#### RECORDS SHOWN

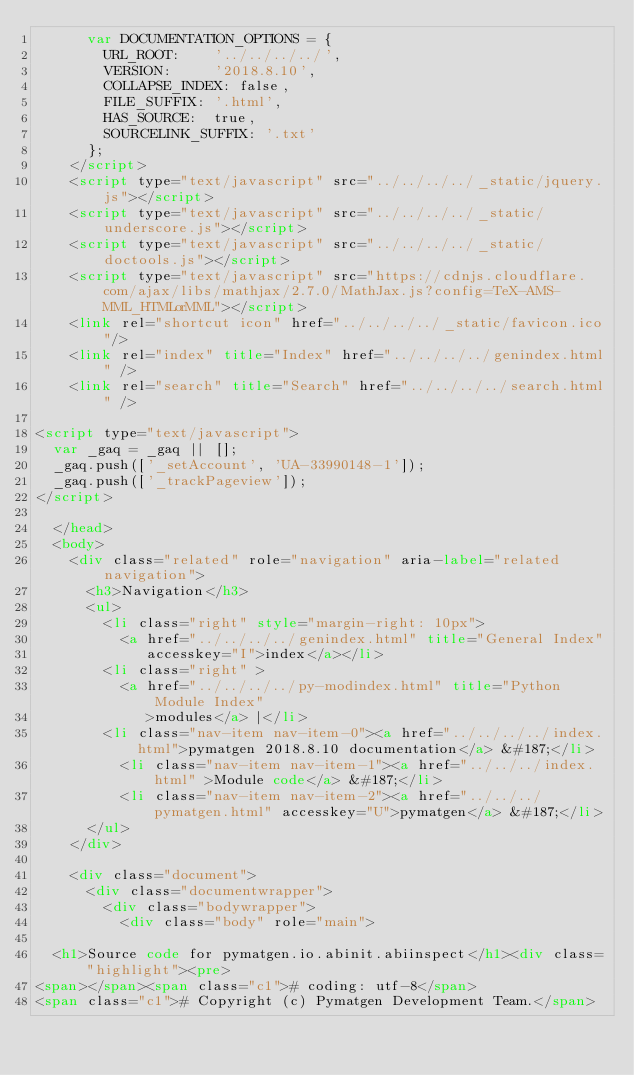<code> <loc_0><loc_0><loc_500><loc_500><_HTML_>      var DOCUMENTATION_OPTIONS = {
        URL_ROOT:    '../../../../',
        VERSION:     '2018.8.10',
        COLLAPSE_INDEX: false,
        FILE_SUFFIX: '.html',
        HAS_SOURCE:  true,
        SOURCELINK_SUFFIX: '.txt'
      };
    </script>
    <script type="text/javascript" src="../../../../_static/jquery.js"></script>
    <script type="text/javascript" src="../../../../_static/underscore.js"></script>
    <script type="text/javascript" src="../../../../_static/doctools.js"></script>
    <script type="text/javascript" src="https://cdnjs.cloudflare.com/ajax/libs/mathjax/2.7.0/MathJax.js?config=TeX-AMS-MML_HTMLorMML"></script>
    <link rel="shortcut icon" href="../../../../_static/favicon.ico"/>
    <link rel="index" title="Index" href="../../../../genindex.html" />
    <link rel="search" title="Search" href="../../../../search.html" />
 
<script type="text/javascript">
  var _gaq = _gaq || [];
  _gaq.push(['_setAccount', 'UA-33990148-1']);
  _gaq.push(['_trackPageview']);
</script>

  </head>
  <body>
    <div class="related" role="navigation" aria-label="related navigation">
      <h3>Navigation</h3>
      <ul>
        <li class="right" style="margin-right: 10px">
          <a href="../../../../genindex.html" title="General Index"
             accesskey="I">index</a></li>
        <li class="right" >
          <a href="../../../../py-modindex.html" title="Python Module Index"
             >modules</a> |</li>
        <li class="nav-item nav-item-0"><a href="../../../../index.html">pymatgen 2018.8.10 documentation</a> &#187;</li>
          <li class="nav-item nav-item-1"><a href="../../../index.html" >Module code</a> &#187;</li>
          <li class="nav-item nav-item-2"><a href="../../../pymatgen.html" accesskey="U">pymatgen</a> &#187;</li> 
      </ul>
    </div>  

    <div class="document">
      <div class="documentwrapper">
        <div class="bodywrapper">
          <div class="body" role="main">
            
  <h1>Source code for pymatgen.io.abinit.abiinspect</h1><div class="highlight"><pre>
<span></span><span class="c1"># coding: utf-8</span>
<span class="c1"># Copyright (c) Pymatgen Development Team.</span></code>

########

- THE TASK
Retype the entries exactly, skipping every picture.

- RESULT OF THE EXERCISE
<code> <loc_0><loc_0><loc_500><loc_500><_HTML_>      var DOCUMENTATION_OPTIONS = {
        URL_ROOT:    '../../../../',
        VERSION:     '2018.8.10',
        COLLAPSE_INDEX: false,
        FILE_SUFFIX: '.html',
        HAS_SOURCE:  true,
        SOURCELINK_SUFFIX: '.txt'
      };
    </script>
    <script type="text/javascript" src="../../../../_static/jquery.js"></script>
    <script type="text/javascript" src="../../../../_static/underscore.js"></script>
    <script type="text/javascript" src="../../../../_static/doctools.js"></script>
    <script type="text/javascript" src="https://cdnjs.cloudflare.com/ajax/libs/mathjax/2.7.0/MathJax.js?config=TeX-AMS-MML_HTMLorMML"></script>
    <link rel="shortcut icon" href="../../../../_static/favicon.ico"/>
    <link rel="index" title="Index" href="../../../../genindex.html" />
    <link rel="search" title="Search" href="../../../../search.html" />
 
<script type="text/javascript">
  var _gaq = _gaq || [];
  _gaq.push(['_setAccount', 'UA-33990148-1']);
  _gaq.push(['_trackPageview']);
</script>

  </head>
  <body>
    <div class="related" role="navigation" aria-label="related navigation">
      <h3>Navigation</h3>
      <ul>
        <li class="right" style="margin-right: 10px">
          <a href="../../../../genindex.html" title="General Index"
             accesskey="I">index</a></li>
        <li class="right" >
          <a href="../../../../py-modindex.html" title="Python Module Index"
             >modules</a> |</li>
        <li class="nav-item nav-item-0"><a href="../../../../index.html">pymatgen 2018.8.10 documentation</a> &#187;</li>
          <li class="nav-item nav-item-1"><a href="../../../index.html" >Module code</a> &#187;</li>
          <li class="nav-item nav-item-2"><a href="../../../pymatgen.html" accesskey="U">pymatgen</a> &#187;</li> 
      </ul>
    </div>  

    <div class="document">
      <div class="documentwrapper">
        <div class="bodywrapper">
          <div class="body" role="main">
            
  <h1>Source code for pymatgen.io.abinit.abiinspect</h1><div class="highlight"><pre>
<span></span><span class="c1"># coding: utf-8</span>
<span class="c1"># Copyright (c) Pymatgen Development Team.</span></code>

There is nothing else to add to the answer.